00:15:42.500 | So this is going to be my conclusion. There are three core principles that we spoke about today. And
00:15:50.500 | each of these is very hefty by itself. But primarily the data pyramid. Annika spoke about this. In case of
00:15:58.980 | LLMs or text data or text models, you have the whole internet which you can be scraping to generate data. But
00:16:06.900 | there's no such internet scale data for actions. So that is one of the key challenges that you need to
00:16:12.340 | address either via simulation or by imitation learning, generating expert data, tele-operation, all sorts of
00:16:18.980 | things. The next thing is the dual system architecture. Previously what used to happen was each of these
00:16:26.260 | components was trained independently. And that resulted in some kind of disagreement between the two systems.

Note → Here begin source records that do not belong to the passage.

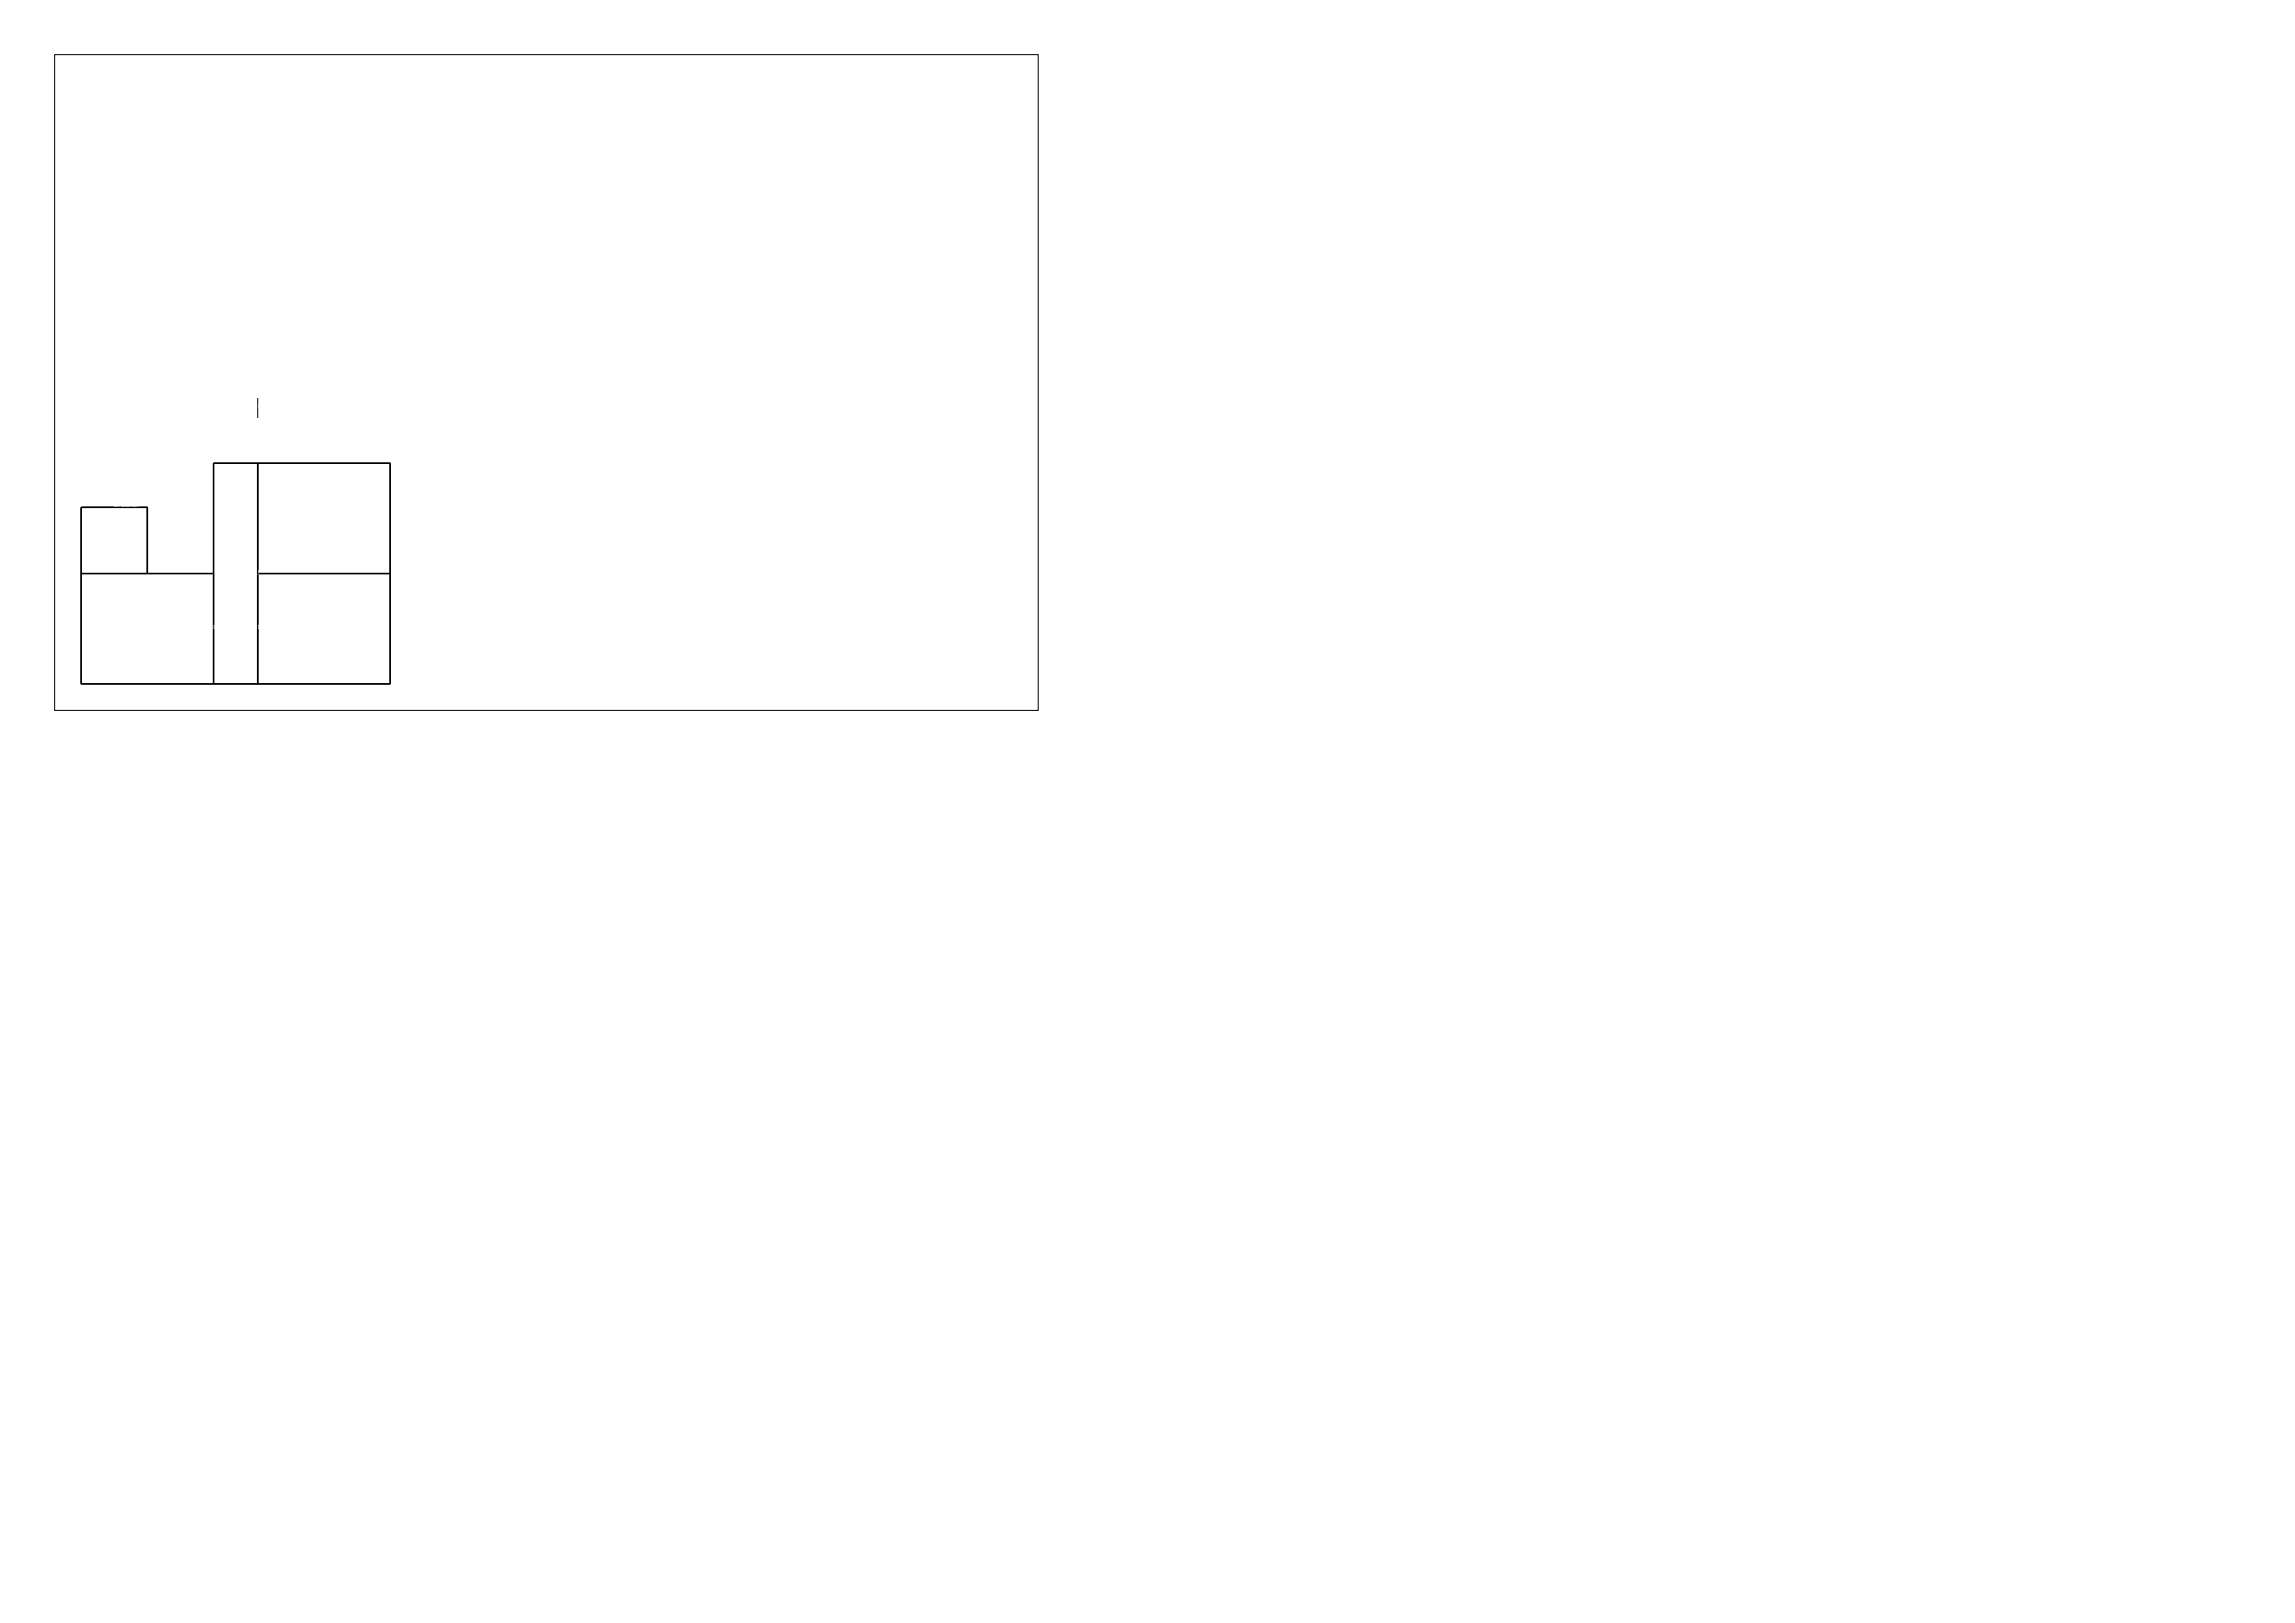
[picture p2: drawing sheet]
<svg xmlns="http://www.w3.org/2000/svg" width="420mm" height="297mm" viewBox="0 0 420 297" stroke-linecap="round" stroke-linejoin="round" font-family="sans-serif">
<defs><g id="words">
<g font-size="1.1" fill="#fff">
<text x="47.2" y="74.7">D3AED57</text>
<text x="20.9" y="92.8">DA2BA81</text>
<text x="43.1" y="105">corridor_f</text>
<text x="39.1" y="115.1">D16D7D9</text>
<text x="47.2" y="115.1">D6CC03C</text>
</g>
</g></defs>
<path d="M10 10h180v120h-180zM47.2 72.8v3.7M14.8 92.8h12.2v12.2h-12.2zM19.3 92.8h3.2M39.1 84.8h8.1v40.4h-8.1zM47.2 84.8h24.2v20.2h-24.2zM14.8 105h24.3v20.2h-24.3zM39.1 113.2v3.7M47.2 105h24.2v20.2h-24.2zM47.2 113.2v3.7" fill="none" stroke="#000" stroke-width=".18"/>
<path d="M47.2 84.8v40.4M14.8 105h24.3M27 105v-12.2h-12.2v32.4h56.6v-40.4h-32.3v40.4M47.2 105h24.2" fill="none" stroke="#000" stroke-width=".28"/>
<use href="#words"/>
</svg>

00:16:33.300 | The Groot N1 introduces this coherent architecture where both the system one and system two are being
00:16:41.060 | co-trained. And that kind of helps to optimize the whole stack instead of individually trying to train the pieces.
00:16:50.020 | And then the third piece and the final piece is the generalist model. So in case of the generalist model,
00:16:57.140 | you are able to leverage foundation knowledge from the model and extend it to different embodiments,
00:17:04.500 | different tasks. You can think of it like how you have, in case of large language models, you have a base
00:17:10.660 | foundation Lama 2.7TB model or there's Lama 4 now or Lama 3. I don't know which is the latest, but you can
00:17:18.340 | extend it to any, you can fine tune it to any task or like domain adapted. Similarly, you have the Groot N1
00:17:25.540 | model which can be adapted to any embodiment and any downstream task. Thank you so much for attending our
00:17:31.620 | talk today. We're really happy you were here. Please let us know if you have questions. We'll be outside hanging out.
00:17:38.420 | Thank you so much. We appreciate it.